Avvocato Salvagni, come si è arrivati a questa svolta?

“Dopo anni di ‘no’, incredibilmente abbiamo davanti a noi la possibilità di dimostrare quello che sosteniamo da sempre, ossia l’innocenza di Bossetti. Ci attiviamo immediatamente e con una istanza, chiediamo le modalità con le quali esaminare i reperti. L’entusiasmo, però, dura poco. Infatti, solo qualche mese dopo, il 26 maggio 2020, la Corte di Assise di Bergamo rigetta l’istanza della difesa ritenendola 'inammissibile'. Ci siamo opposti all’ennesimo diniego con un ricorso in Cassazione e nel frattempo abbiamo nuovamente avanzato richiesta alla corte d’Assise che, a sua volta, l’ha nuovamente respinta”.

Prima autorizzati ad esaminare i reperti e dopo qualche mese, un altro diniego. Cosa succederà ora che il ricorso è stato accolto?

"La Corte d’Assise di Bergamo adesso, non potrà più ritenere inammissibile la richiesta ma dovrà illustrare alla difesa di Bossetti le modalità operative, in quanto l’autorizzazione concessa il 27 novembre 2019, non essendo mai stata impugnata, si è cristallizzata".

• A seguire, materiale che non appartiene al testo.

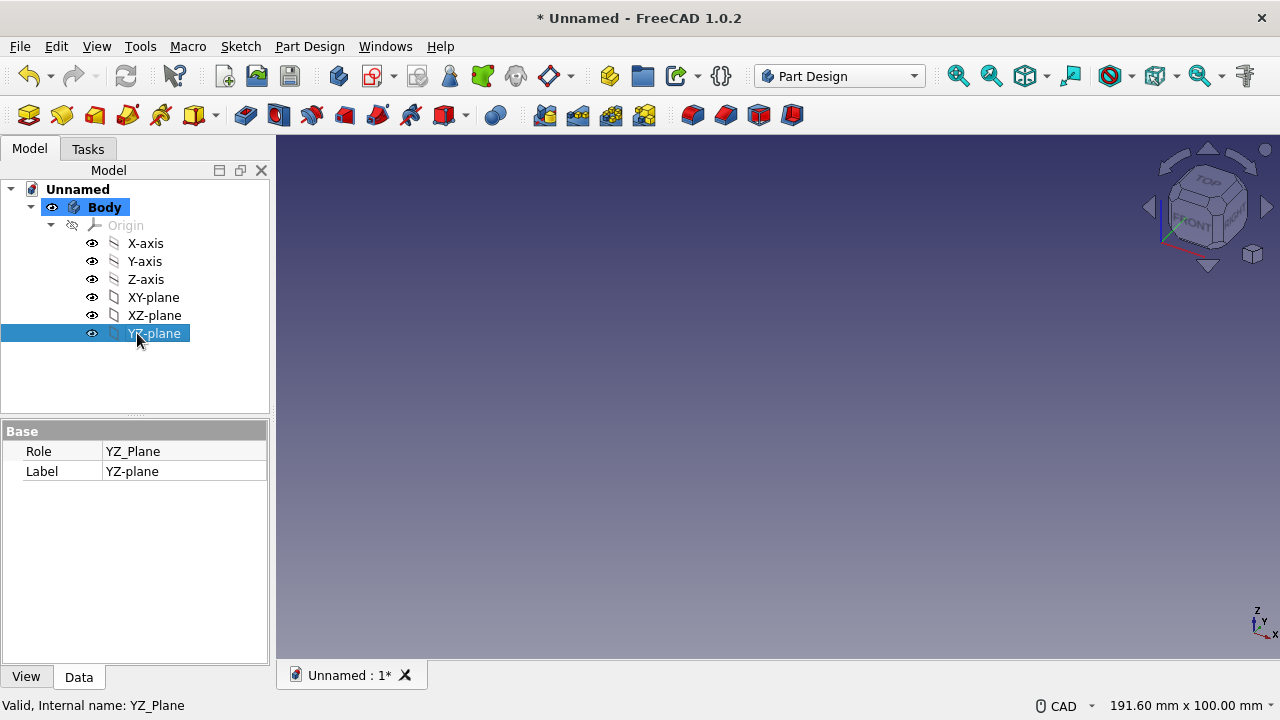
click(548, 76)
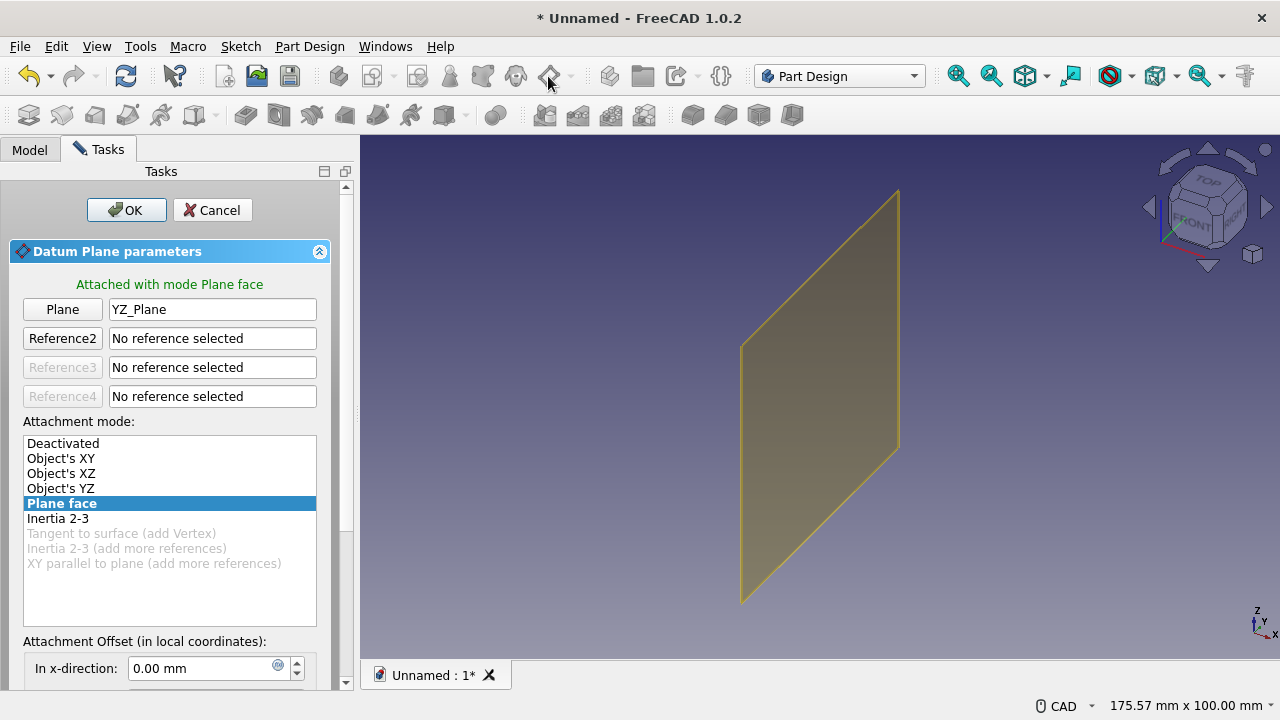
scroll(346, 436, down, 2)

Perché questa ostinazione a non ammettere la perizia?

“Sottoporre Bossetti alla perizia sarebbe stato semplice e avrebbe risparmiato del tempo. Ci veniva risposto che non c’erano più campioni di dna, invece ce ne sono 54. Per noi – insiste Salvagni – il dna di ‘Ignoto 1’ non corrisponde al dna di Massimo Bossetti”.

Perché, secondo lei, non sono state ascoltate le ragioni di Bossetti?

“Bisognava consegnare un mostro all’opinione pubblica, ecco perché non abbiamo mai smesso di lottare. Anche io, come il mio assistito, credo nella giustizia, altrimenti non sarei uomo di legge. La giustizia però è fatta dagli uomini e gli uomini possono sbagliare, ecco perché bisogna lottare per cercare sempre e comunque la verità. La vita di Bossetti è stata segnata per sempre, così come quella di tanti italiani condannati e poi riconosciuti innocenti dopo diversi anni. Credo – conclude – che siamo davanti all’ennesimo madornale errore giudiziario”.